Kent International Returns to US after "Bike Trip" Across Globe; UK Companies Lack Visibility to Lower Supply Tiers; US Truckload Prices on the Rise; Meat Scandal in China Dings McDonald's, KFC

   
 
 
 

$5 Billion

Approximate annual sales of Aurora, Illinois-based OSI Group, a provider of food products worldwide. OSI moved into the news this week when Chinese television showed video at a meat processing plant at one of its subsidiaries - Shanghai Husi Food Co. - which was upsetting to say the least. The video showed workers picking up meat from a factory floor, as well as mixing meat beyond its expiration date with fresh meat. That means PR trouble for McDonald's and KFC in China, which were both sourcing from that plant. This is the second time in recent years, in fact, that KFC has had meat quality issues there, with a scandal about excess antibiotics in its chicken in 2012 that causes sales to plummet.

 
 



 
 
 

4

Number of consecutive months that the Cass Truckload Linehaul Index - which measures per mile costs for shippers, before fuel, accessorials, etc., has risen more than 5% year over year.
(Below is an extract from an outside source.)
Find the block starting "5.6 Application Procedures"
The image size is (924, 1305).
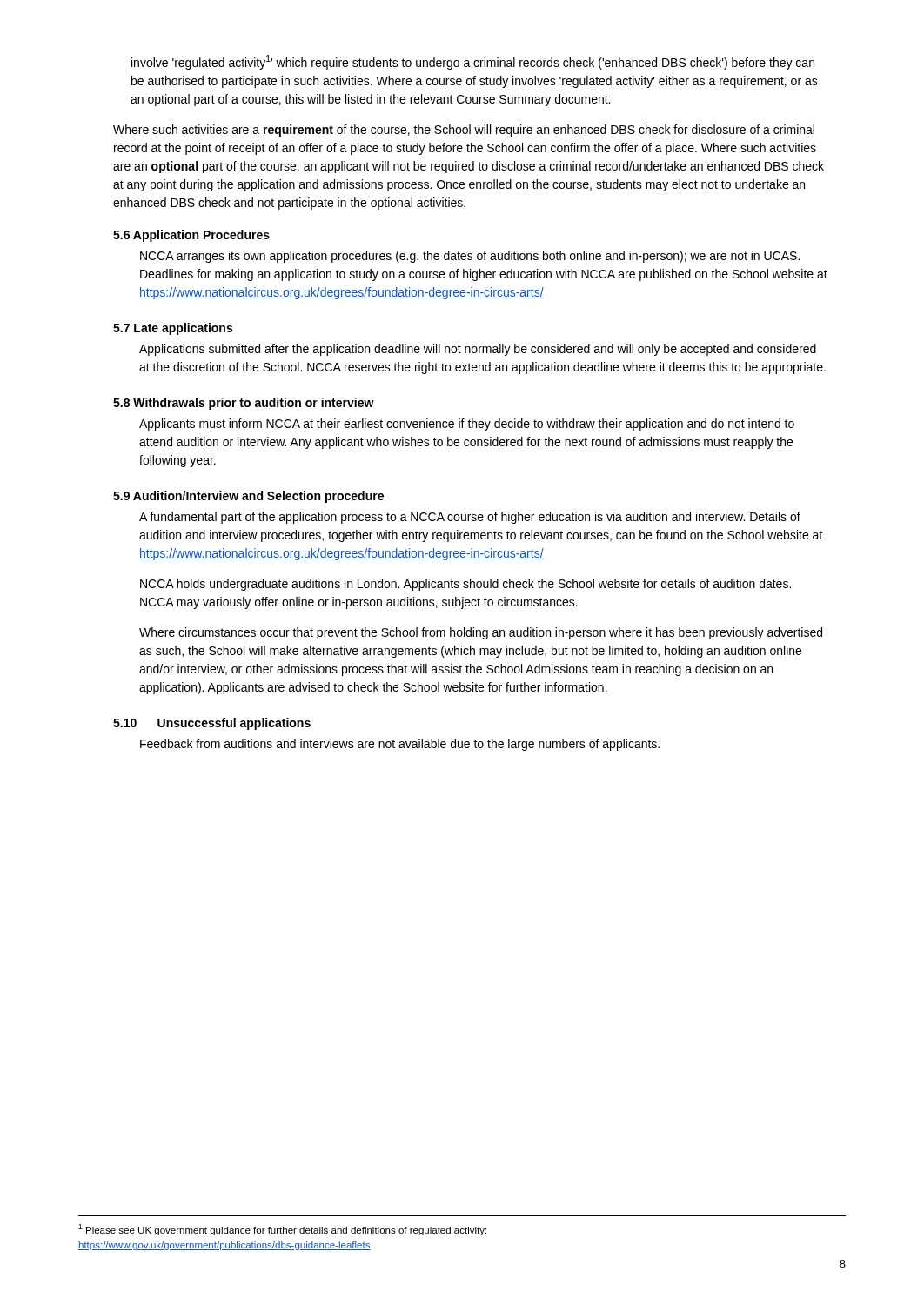tap(191, 235)

That with the just out June number, which shows a 5.2% rise versus the same month in 2013. That follows year over year increases of 6%, 5.7%, and 5.8% in March through May, respectively. Cass notes that "As demand continues to increase while capacity exits the marketplace, this year’s procurement events and contract negotiations have not, in general, been ending favorably for shippers." As we said in June, expect logistics costs as a percent of GDP to rise this year, after falling slightly in 2013, according to the State of Logistics report.

 
 
 
 
 
19

The number of countries from which bike company Kent International has been through since the 1950s, always on the hunt for lower labor costs. Initially, that low cost labor plus capabilities were actually in Europe, though Kent later moved production to Asian countries, mostly China and Taiwan. But now the company is building a factory in Manning, SC to produce bikes for Walmart, as part of the retail giant's Made in America sourcing program. The factory is scheduled to open in October and will hit full capacity in 2016, churning out some 500,000 bikes annually, and employing 175 workers, according to a recent Wall Street Journal article. CEO Arnold Kamler says Kent should be able to build a bike for the same cost in the US as it could buy from China by 2017.

 
 
 
 

75%

Approximate number of respondents surveyed by the Chartered Institute of Purchasing and Supply in the UK who said that they had "zero visibility" on the earlier stages of their supply chains. That of course could lead to many problems, including, the accompanying report said, the use of "slave labor" in their early tier supply chains. We're not so sure slave labor is a big worry, but as Apple, Nike and many others have found out, there are plenty of other risks from such a lack of understanding. That includes poor labor conditions, product quality issues and more, as the UK found out two years ago when horse meat crept into the supply chains of leading grocers and food manufacturers for what was supposed to be beef.